See full rulebook here and print cards from Figma here.

Concept Map

Formal elements 

Loops and Arcs

Most of the gameplay happens in three loops (called Year 1, Year 2, and Year 3). Within each loop, players draw and play cards to create new courses. Together, these three loops form a narrative arc. Each year, players receive more advanced cards and can build upon their previous cards to make more specialized and complex courses. 

Game economy

The main economy in this game is a one direction conversion of 

Funding tokens-> cards (teachers and trainings) -> classes -> special projects 

Both classes and special projects are converted to points at the end of the game. There are several ways these resources influence each other.

  1. Players obtain cards as turns pass by, and they are encouraged to convert these to classes to satisfy national incentives and obtain funding tokens.   
  2. Different player roles have special ability to obtain (or prevent others from obtaining) cards and tokens throughout the game. 

Game Balancing

See the balancing master sheet here.

Deck Balancing:

We treat all cards the same and compute the overall statistics of the deck to ensure that no player has strong advantages (by having more cards that are beneficial to them). This is important since all players are incentivized to build a curriculum that aligns with their philosophy, and since we want to encourage discussion about pros and cons of educational philosophy, we do not want to have cases where one philosophy is overwhelmingly stronger than the others. 

Since one card can provide bonuses for multiple philosophers, we also want to identify correlations between these bonuses, since these cards are going to attract more attention and are relatively harder for any one player to get, due to the competition. For example: this Morality and Civics card is endorsed by 3 different philosophers, so there will be 3 players trying to keep this card for themselves. 

Therefore we created a correlation graph for all the philosophies (separated for special courses and trainings, since they provide different point values).

Since Progressivism and Cognitive Pluralism have a lot of cards in common, we increased the total number of cards that have their ideology on them, so that there are enough resources for both players. Notice that we did not try to aim for a perfectly even distribution since that does not truly reflect the overlaps between these philosophies: some of them do align more with the others. 

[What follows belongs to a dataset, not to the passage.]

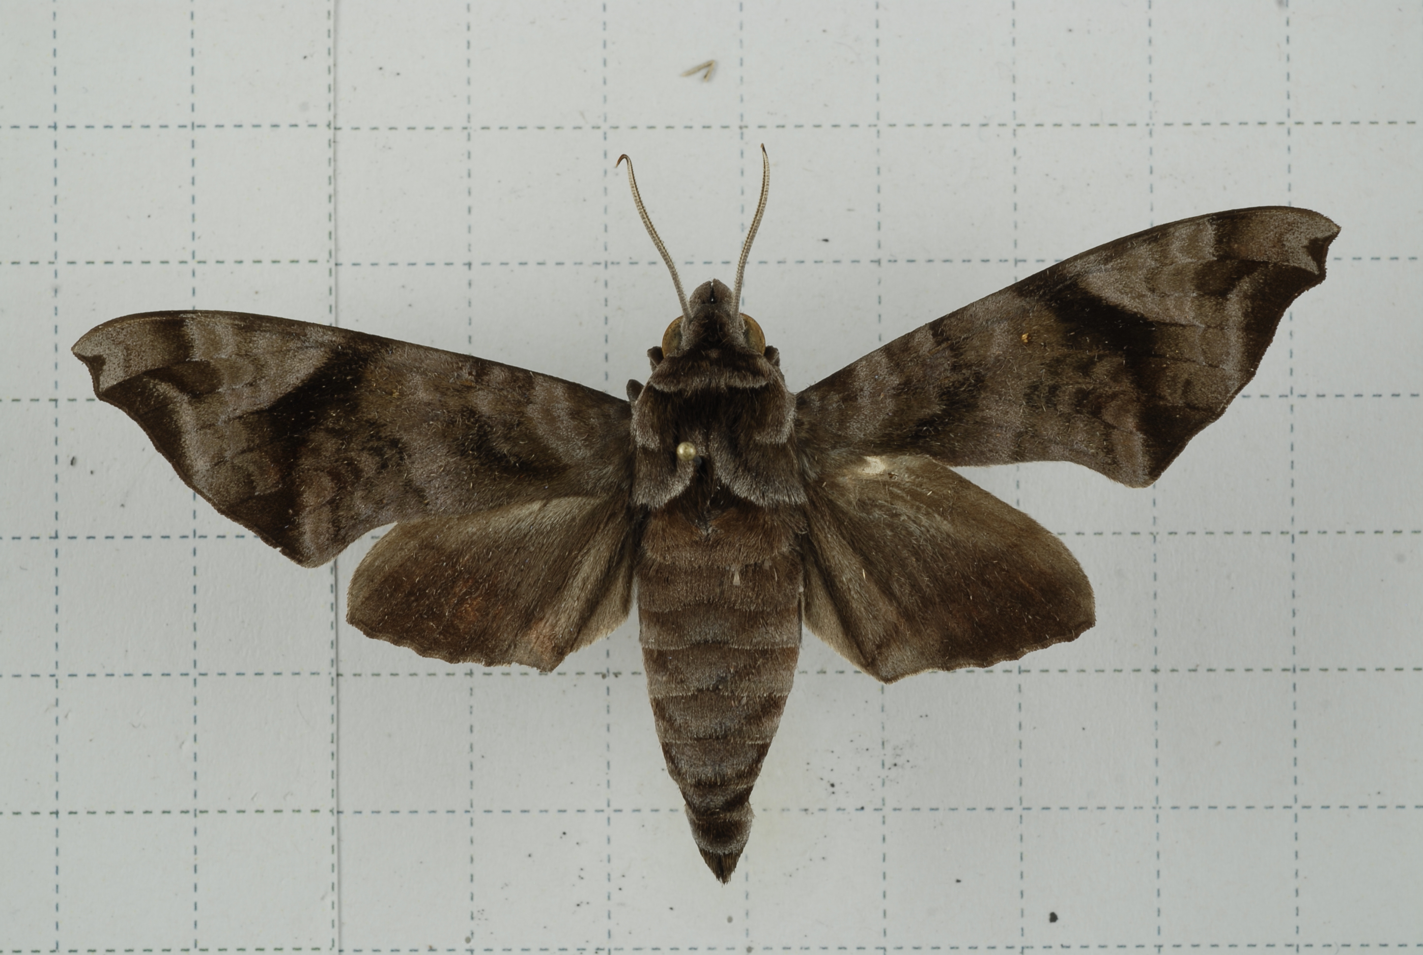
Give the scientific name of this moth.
Acosmeryx castanea
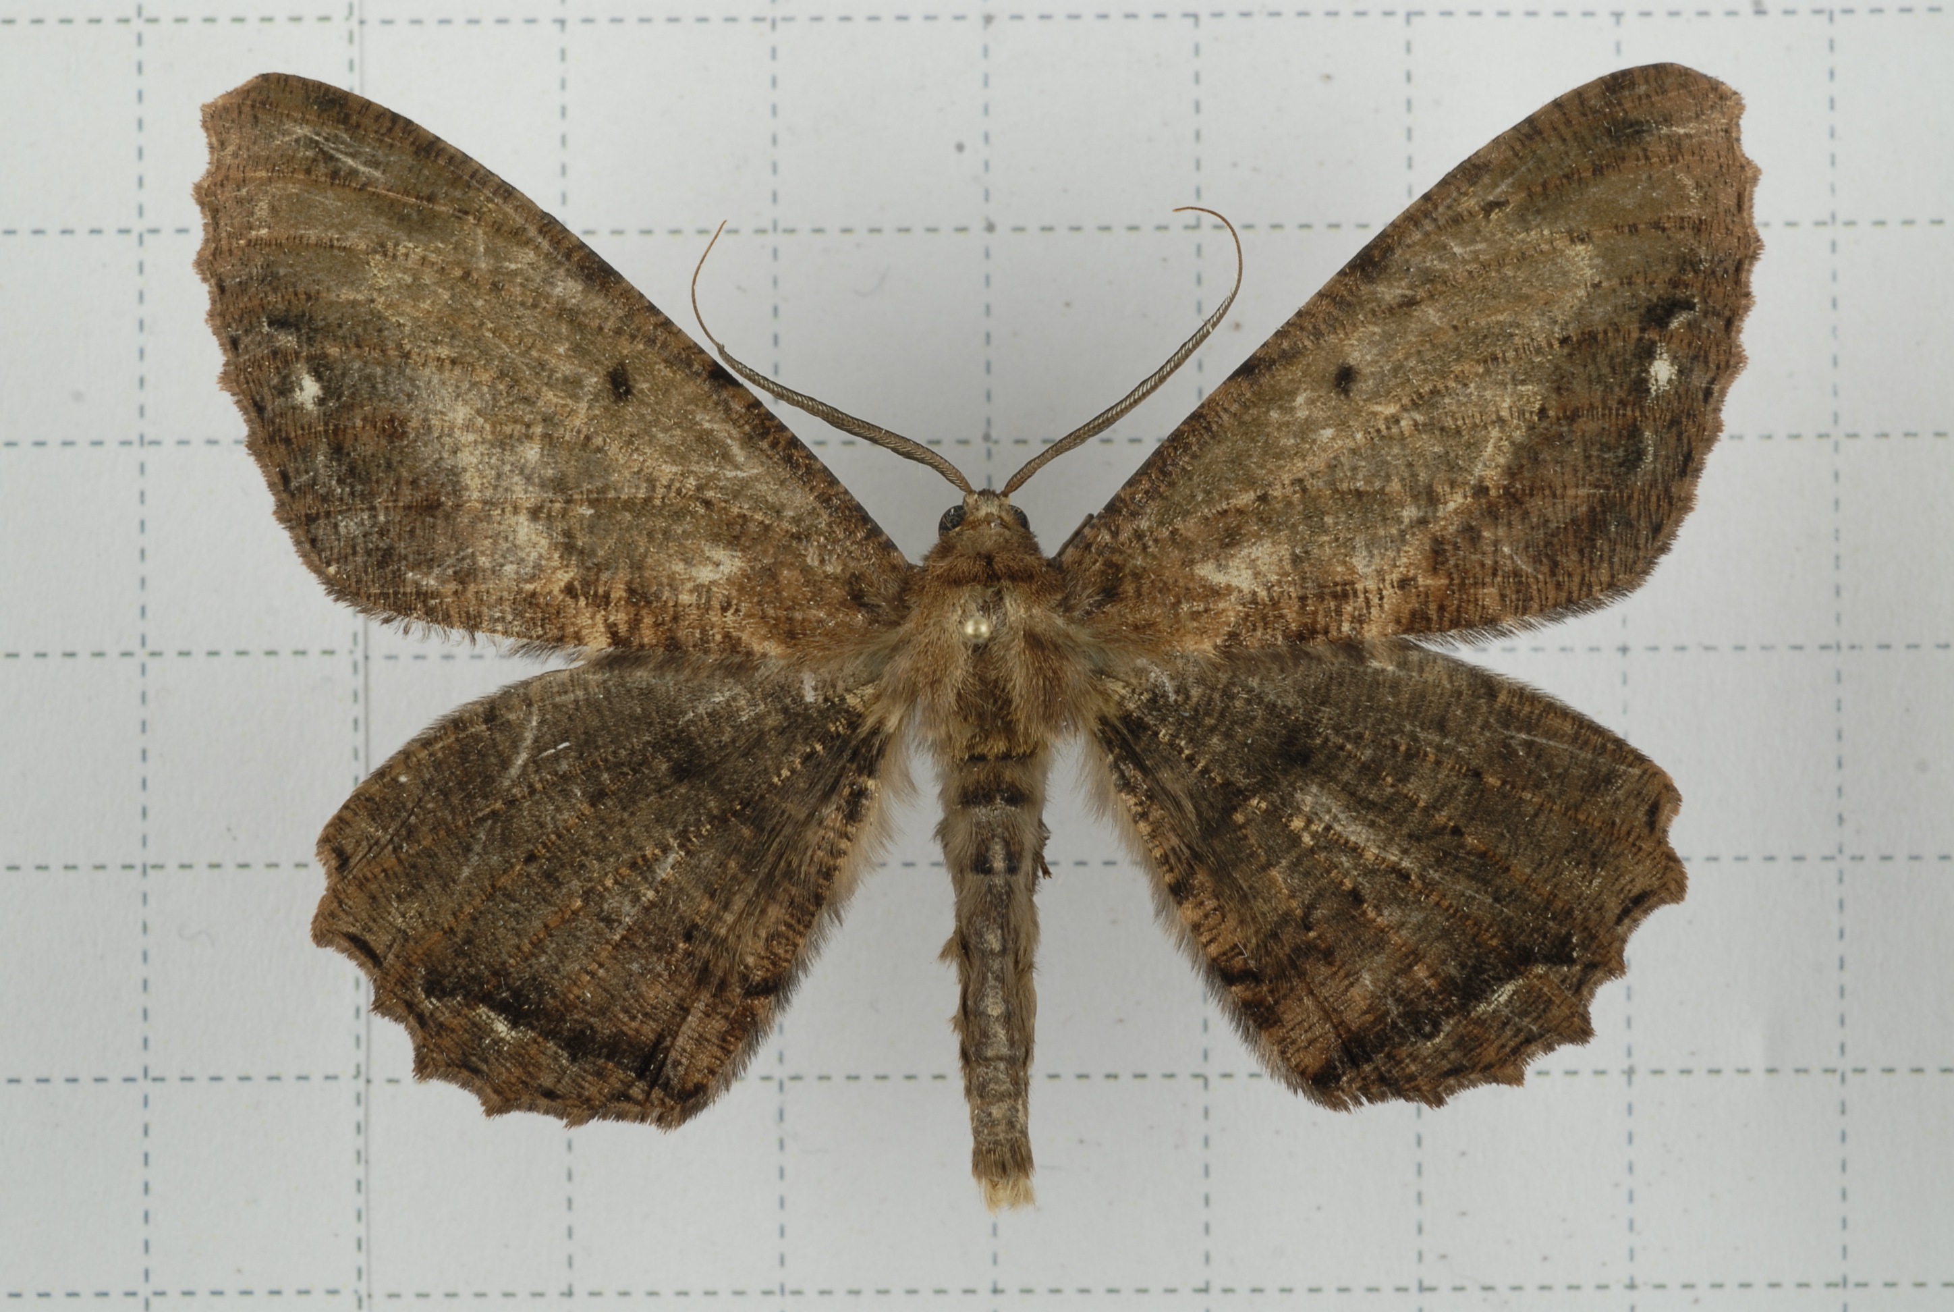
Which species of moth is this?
Chorodna creataria

Supply and Demand of Cards:

A secondary objective in the balancing sheet is to figure out if there are severely overpowered cards among the special projects. Due to the random drawing process and players taking turns picking cards, we do not worry too much about balancing all cards perfectly, but we want players not to be too frustrated when they try to find the cards they need only to realize that there are none of them left. We computed the estimated demand for each type of teacher and training (by subject) based on the requirements of the special projects. Notice that since teachers can be trained in multiple subjects, if we need one PE class, we require either 1 PE teacher or 1 PE general training, which is why the demand of either card is set to 0.5.

Finally, We tallied the total demand and supply to make sure there is no severe imbalance. 

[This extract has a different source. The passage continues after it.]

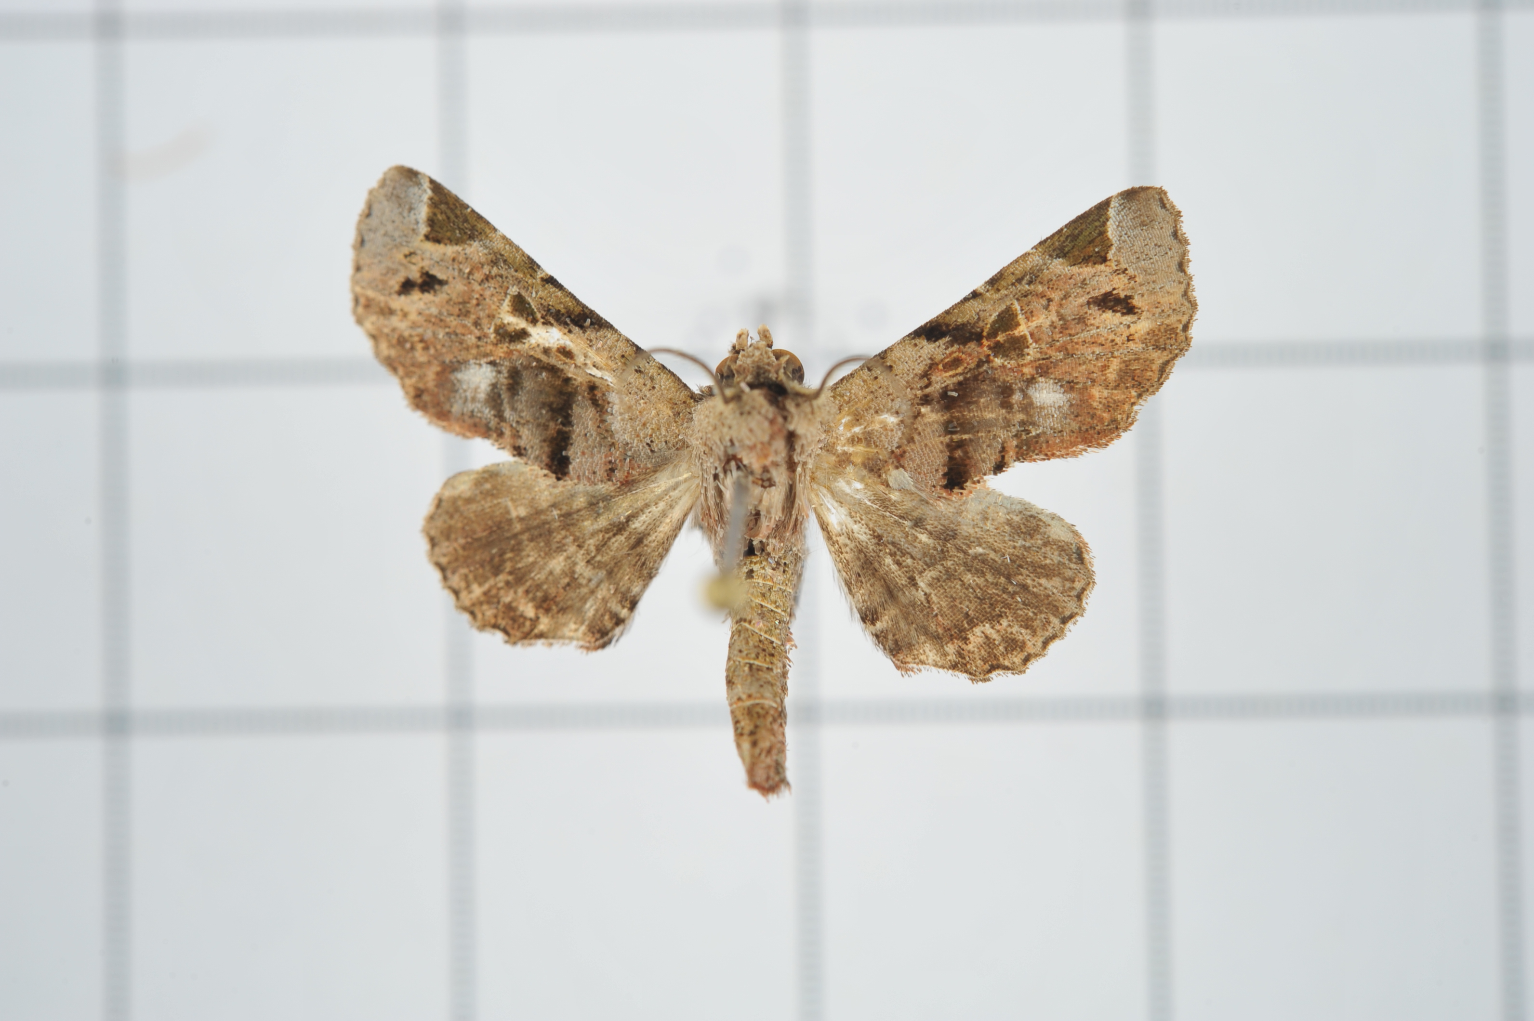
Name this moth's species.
Atacira affinis

Notice there is higher demand for LifeEd teachers and training, but this is addressed by Noddings (one of our roles) having extra LifeEd cards to begin with, so there is higher total supply for this subject. We also included some lower demanded subjects in the special courses for each role (math and history), so the final demand would be higher. During the final playtest, we did not observe a high imbalance in demand and supply of any particular subject.

Testing and Iterations 

Playtest 1 – February 21 

This first prototype was a collaborative storytelling game. Players act as school board members who are deciding how to allocate resources in their district. They each represent a child with specific needs (see example student card below) and advocate for them. Each round, players draw cards and have to decide which Staff, Facilities, and Curriculum cards to use their actions on. 


  • Amy
  • Kyle
  • Michael
  • Shana

Key Observations

  • People immediately liked the story telling aspect of this game and were attached to students 
    • “He’s just a little firecracker and I love him so much”
  • There was a lot of laughter and playful debate 
  • The way that players were meant to collaborate was murky 

Key Changes Made Afterwards

  • Made student descriptions shorter, and gave them randomized characteristics 
  • Added strategy into the game: National Policy that can help you gain funding, cards that can fulfill multiple criteria, a limit on the total number of cards you can play.


Playtest 2 – February 23


  • Alejandro
  • Alahji
  • Charlotte
  • Ivan

Key Observations

  • Players were competing with one another to try to meet the needs of their particular student – this defeated our overall learning goal that all students needs should be important 
  • As the players had no specified roles, it also seemed that this version of the game leant itself to quarterbacking 

Key Changes Made Afterwards

  • Make the game competitive instead of collaborative


Playtest 3 – February 28


  • Annie
  • Miranda
  • Shana
  • Shimea

Key Observations

  • Used betting style to determine how many of each card to play. This was confusing, players didn’t like having to decide how to allocate their resources before drawing cards.
  • Takes really long for all of the players to talk about each student (since it’s 4 school’s stories per student)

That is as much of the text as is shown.